Di layar kaca dan ponsel kita, dunia terlihat seperti luka yang terus menganga. Bom meledak di tempat yang bahkan dulu pernah disebut suci. Tangisan anak-anak menggema di antara puing-puing. Kebenaran dan kemanusiaan seolah kalah oleh ambisi, politik, dan senjata. Lalu kita bertanya, masih adakah kebahagiaan di dunia seperti ini?
Jawabannya tidak mudah. Tapi justru dalam gelapnya zaman, cahaya kecil bernama harapan menjadi lebih nyata. Kebahagiaan mungkin tidak lagi hadir sebagai tawa tanpa beban, tapi sebagai hal-hal kecil yang tetap hidup: tangan yang menggenggam erat di tengah kepanikan, sepotong roti yang dibagi saat lapar, atau seseorang yang memilih tidak membalas kebencian dengan kebencian.
Konflik dan perang bukan hanya tentang peluru dan darah.

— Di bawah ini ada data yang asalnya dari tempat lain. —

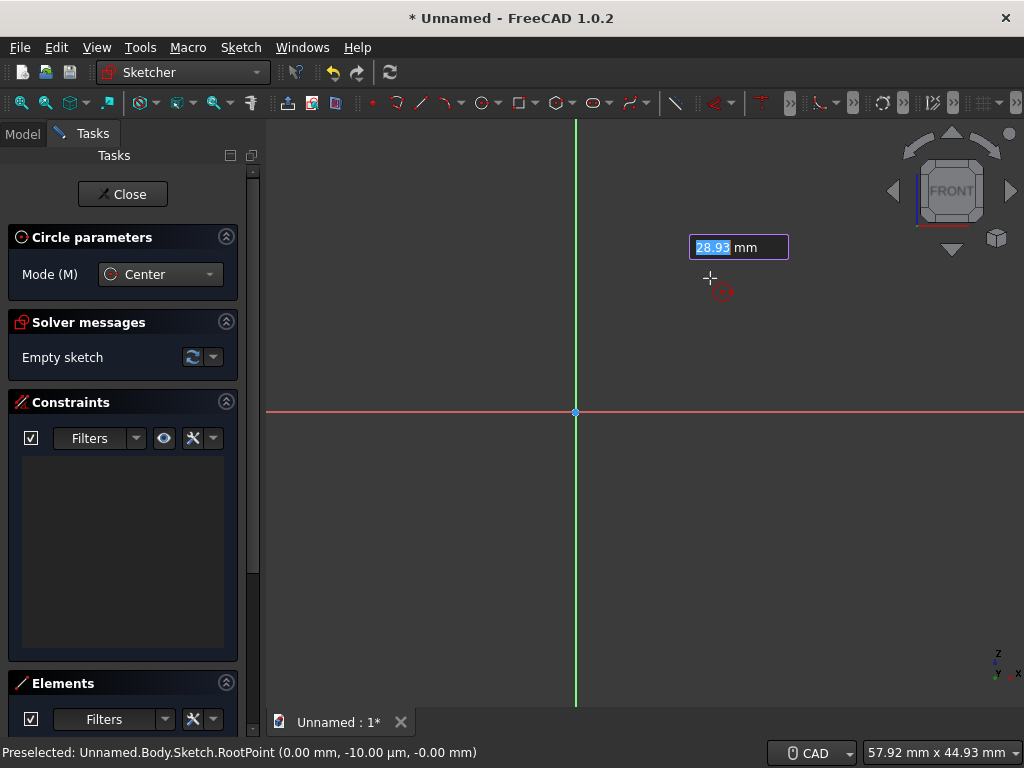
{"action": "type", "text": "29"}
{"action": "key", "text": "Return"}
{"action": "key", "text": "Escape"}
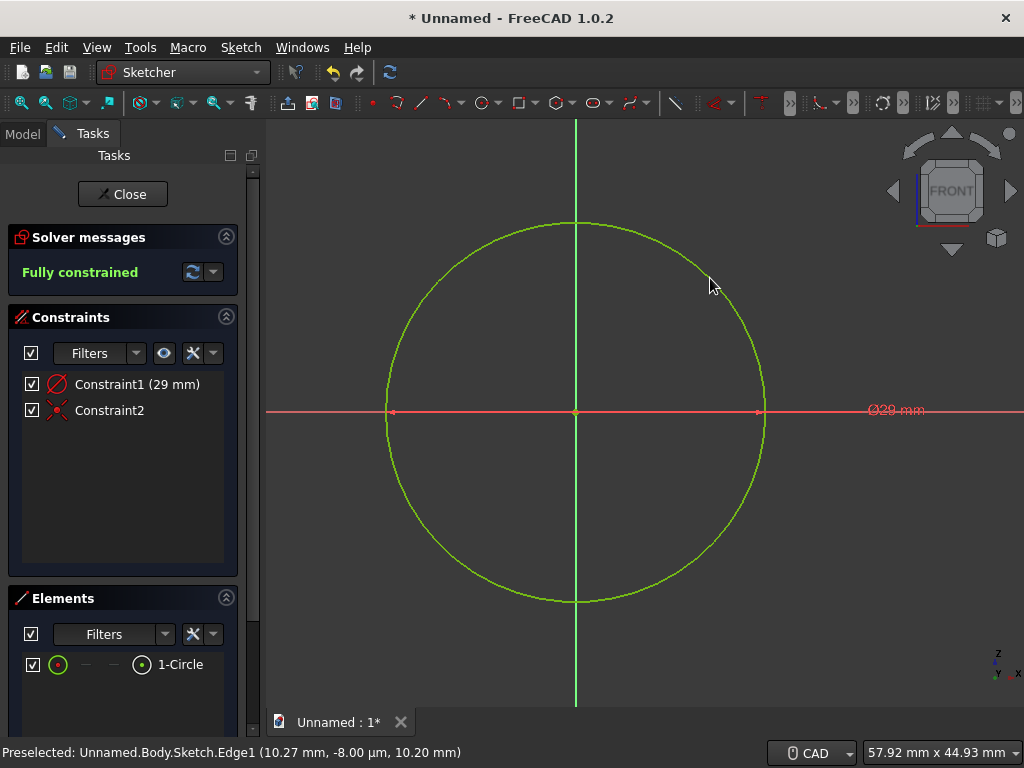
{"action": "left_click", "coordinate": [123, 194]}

Ia juga tentang ketakutan yang menyusup ke kehidupan sehari-hari: ketakutan akan masa depan, akan kehilangan, akan makna yang hilang. Tapi justru di situlah letaknya pilihan. Kita masih punya pilihan.
Kita bisa memilih untuk tetap peduli saat dunia makin dingin. Kita bisa memilih untuk bersuara saat ketidakadilan jadi biasa. Kita bisa memilih untuk menyalakan lilin kecil, bukan karena lilin itu akan menerangi seluruh dunia, tapi karena ia cukup untuk menjaga nurani kita tetap hangat.
Bahagia di dunia yang luka mungkin tidak selalu besar, tapi ia tetap ada—di dalam pelukan orang tua pada anaknya, dalam lagu yang dinyanyikan diam-diam di tempat pengungsian, dalam langkah kaki yang tetap berjalan meski hati gentar.
Selama manusia masih punya cinta, empati, dan keberanian untuk memilih hal yang benar, maka dunia belum kehilangan sepenuhnya kebahagiaan. Ia hanya bersembunyi, menunggu kita menemukannya—di tempat-tempat yang tak kita duga, dalam hati yang tetap berani berharap.